So you simply crossed your arms over your chest and huffed. “I’ll just go by myself then..”
Before you could storm off, he had grabbed your wrist and let out a groan. “Fine, we can go out. But let’s not stay too long, please? I have class tomorrow.”
He would literally do anything to make you happy, he’s too pure. Just make sure you give him all the cuddles he needs when you guys get home late that night~
Jaehee:
•Loved how active and outgoing you were. It was a trait she admired about you and something she wished she had.
•I feel like she’d be able to keep up for a little while, not being able to say no to spending time with you.
•But would eventually burn out and explain there are nights where she simply can’t do it. She feels terrible about it but it’s the honest truth.
•So instead of going out into public, y'all just stay home and get turnt to broadway music lol. That was enough for the both of you as long as you were with each other.
Zen:
Despite his hectic rehearsal schedule, Zen loved to go out! It gave him a chance to flaunt his looks when he wasn’t on stage.
Sometimes if you guys were out at a nightclub, you guys were the life of the party.
Just the ultimate couple tbh.
But there are times where he would rather just stay in with you.

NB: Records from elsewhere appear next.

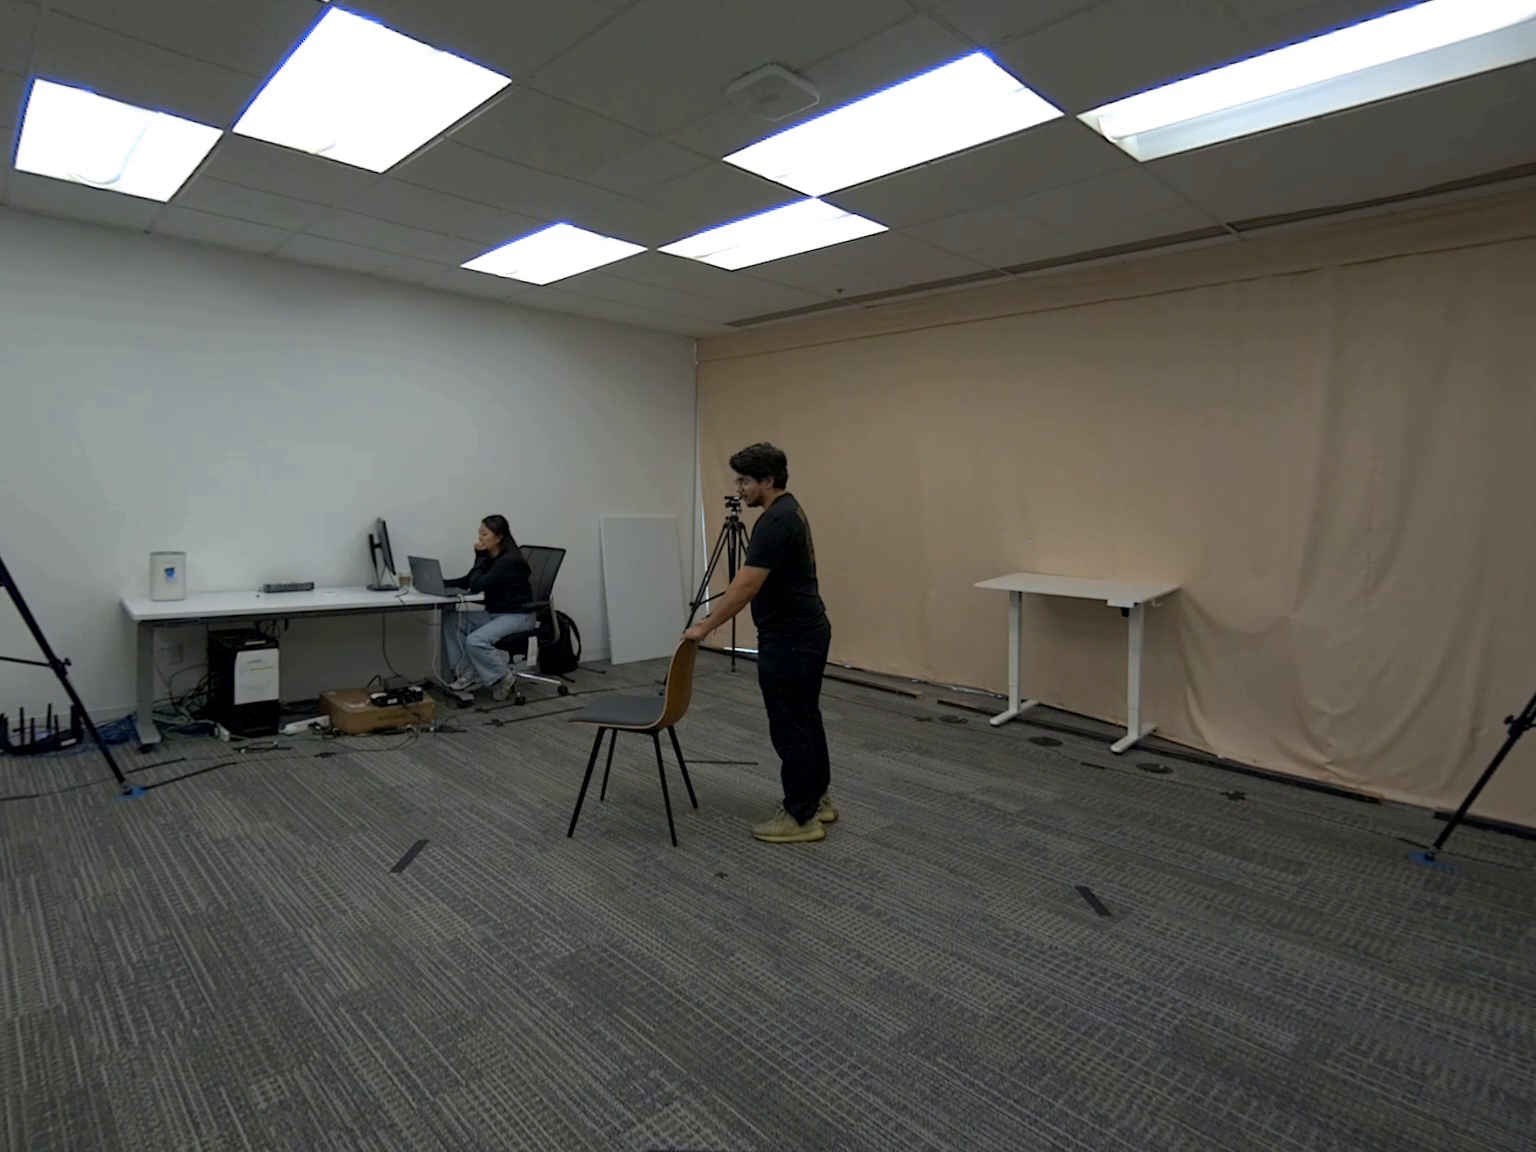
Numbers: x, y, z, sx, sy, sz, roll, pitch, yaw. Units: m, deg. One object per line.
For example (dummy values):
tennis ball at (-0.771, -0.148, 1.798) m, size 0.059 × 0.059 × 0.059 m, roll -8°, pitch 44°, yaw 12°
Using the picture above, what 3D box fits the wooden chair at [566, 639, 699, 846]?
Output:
wooden chair at (-0.566, 0.622, 3.558) m, size 0.526 × 0.875 × 0.476 m, roll 6°, pitch 4°, yaw 7°

Sometimes you guys would throw your own parties in your guy’s apartment with just you two. Playing Just Dance, doing karaoke, and stuffing your face with food.
You guys would even create your own little musicals.
He also loves to go out on a private date with just you and him, because the paparazzi can be too much sometimes. 
You two just always have fun together, whether you’re out in public or at home. He loves your energy.                                                                         
Jumin:
This CEO isn’t much of a partier, but he loves to travel with you. 
Questioned your sanity at first. “How is she always so..energetic?”
Nevertheless, there would be some clubs he would go to you with, but would much rather enjoy the nightlife with you only.
Most of the time you would take him to fun “commoner” activities..like rollerskating, or a carnival!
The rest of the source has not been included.